An anonymised string created from your email address (also called a hash) may be provided to the Gravatar service to see if you are using it. The Gravatar service privacy policy is available here: https://automattic.com/privacy/. After approval of your comment, your profile picture is visible to the public in the context of your comment.

Media

If you upload images to the website, you should avoid uploading images with embedded location data (EXIF GPS) included. Visitors to the website can download and extract any location data from images on the website.

Embedded content from other websites

Articles on this site may include embedded content (e.g. videos, images, articles, etc.). Embedded content from other websites behaves in the exact same way as if the visitor has visited the other website.

These websites may collect data about you, use cookies, embed additional third-party tracking, and monitor your interaction with that embedded content, including tracing your interaction with the embedded content if you have an account and are logged in to that website.

What data security procedures we have in place

We have installed a Let’s EncryptTM certificate to validate the SSL credentials of our website.

An SSL Certificate is a small computer file that digitally combines a cryptographic key with an organization’s details. On a web server, for example, it allows secure connections to a web browser. Depending on the type of SSL Certificate being used by the organization, different levels of checks will be made by the Certificate Authority (CA) issuing the certificate.
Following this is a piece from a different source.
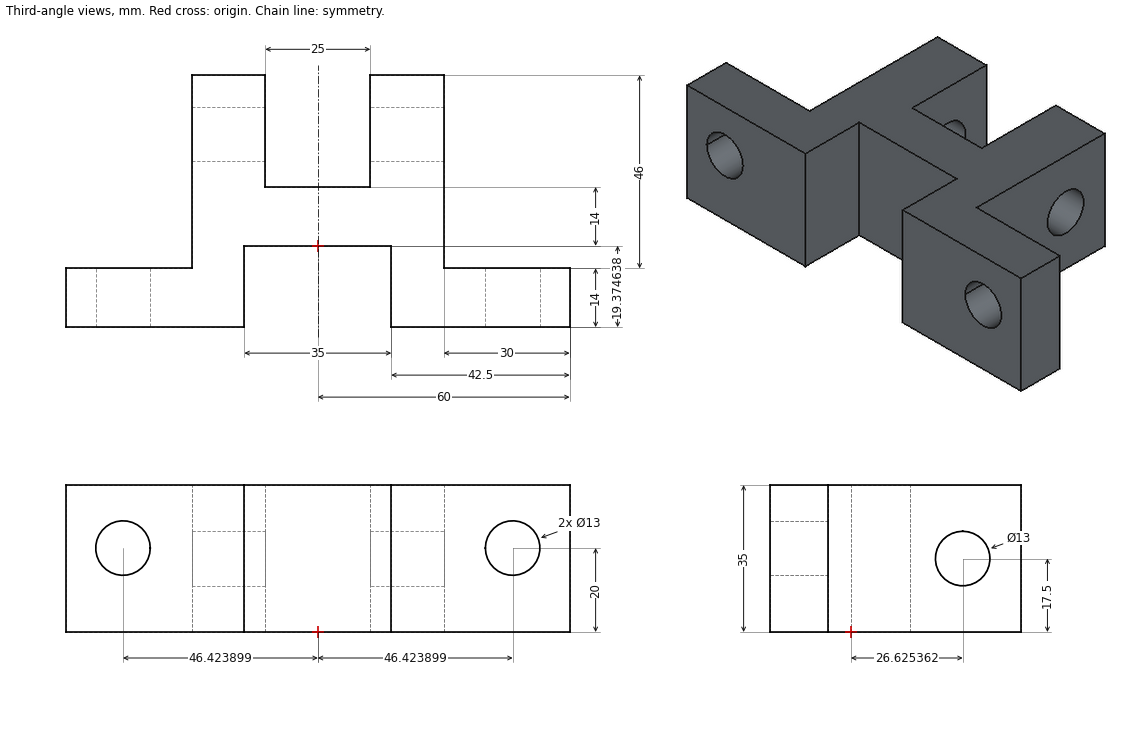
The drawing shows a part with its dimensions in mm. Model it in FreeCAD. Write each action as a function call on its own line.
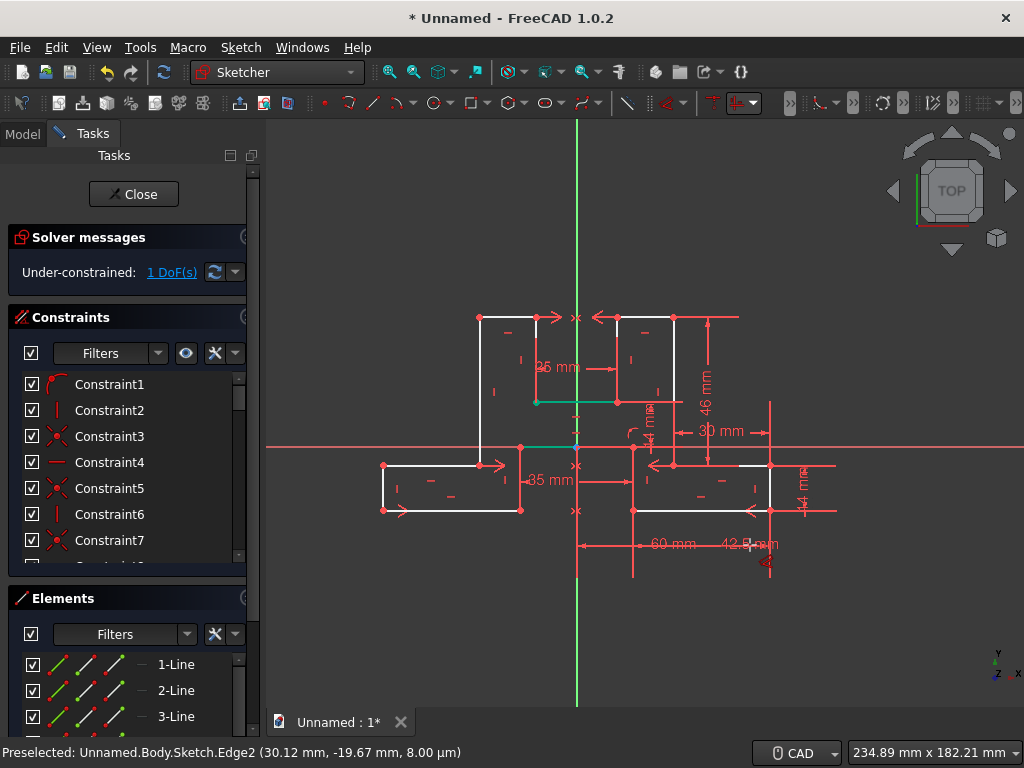
click(633, 466)
click(667, 479)
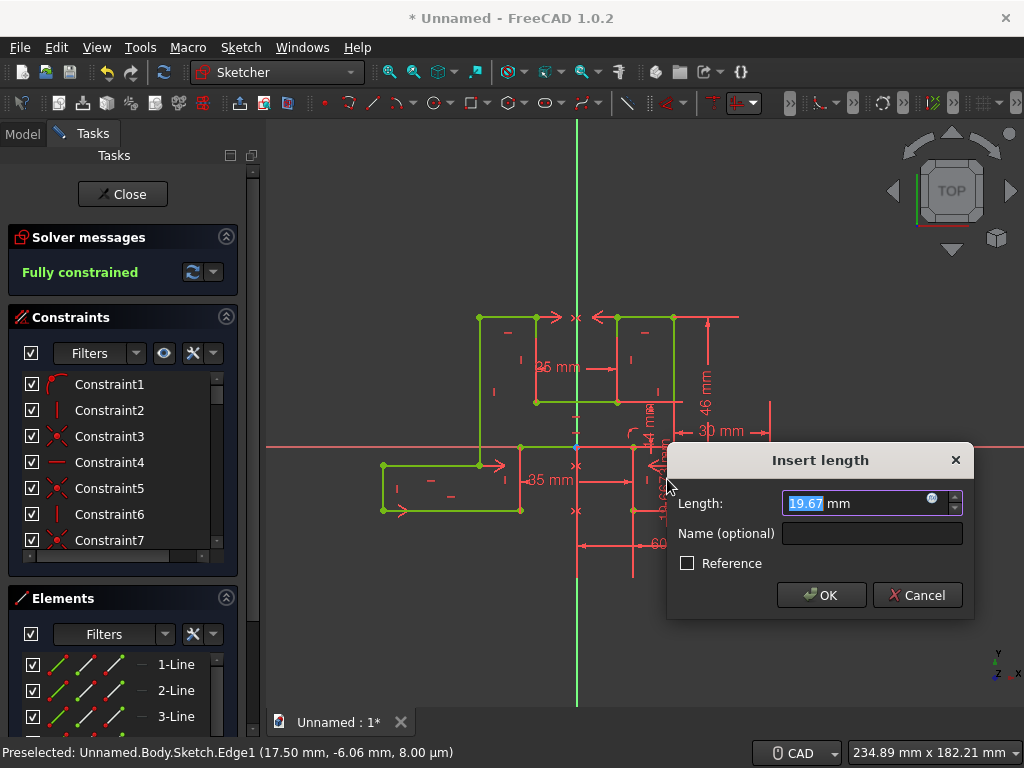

The CA itself holds a Root Certificate.

An SSL Certificate awarded to an organization is derived from the Root Certificate. The same Root Certificate must be present on the end user’s computer in order for the issued SSL Certificate to be trusted. Browser and operating system vendors work with Certificate Authorities, so the Root Certificate is embedded in their software.
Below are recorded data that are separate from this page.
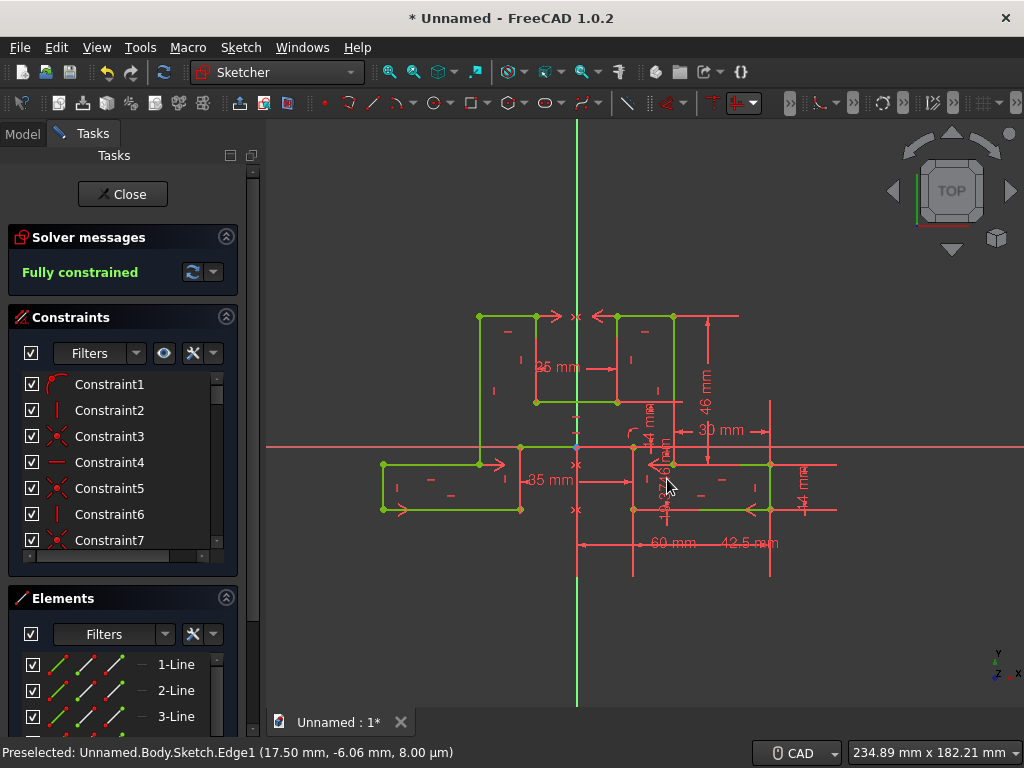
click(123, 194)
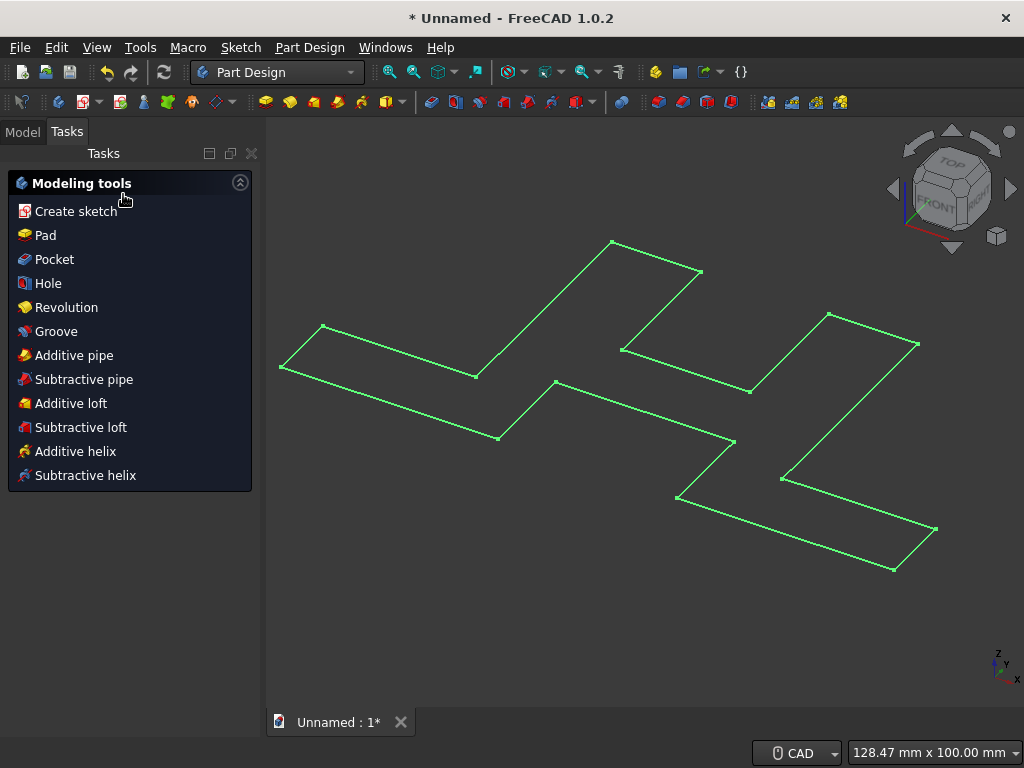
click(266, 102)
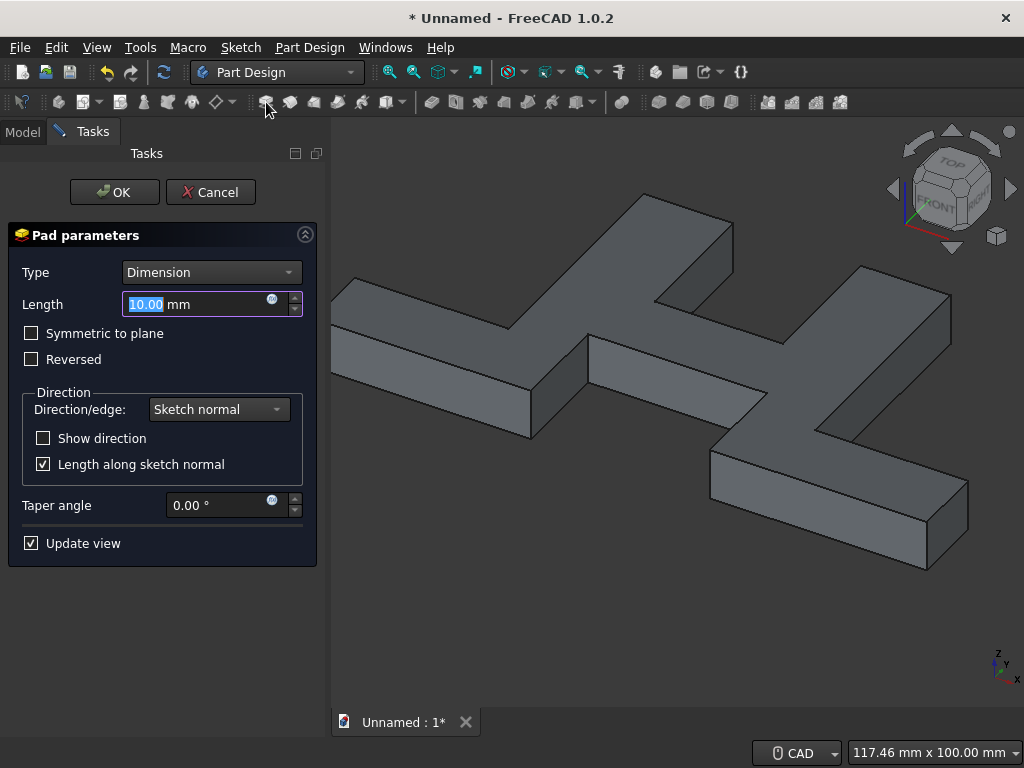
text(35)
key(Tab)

The site is further protected by the G6 Firewall code. The 6G Firewall is a powerful, well-optimised blacklist that checks all URI requests against a set of carefully constructed .htaccess directives. This happens quietly behind the scenes at the server level, which is optimal for performance and resource conservation. Implementing an .htaccess solution such as the 6G Firewall, the code is executed without invoking the memory and resources required for PHP, MySQL, etc. That gives us better performance while saving server resources for legitimate traffic.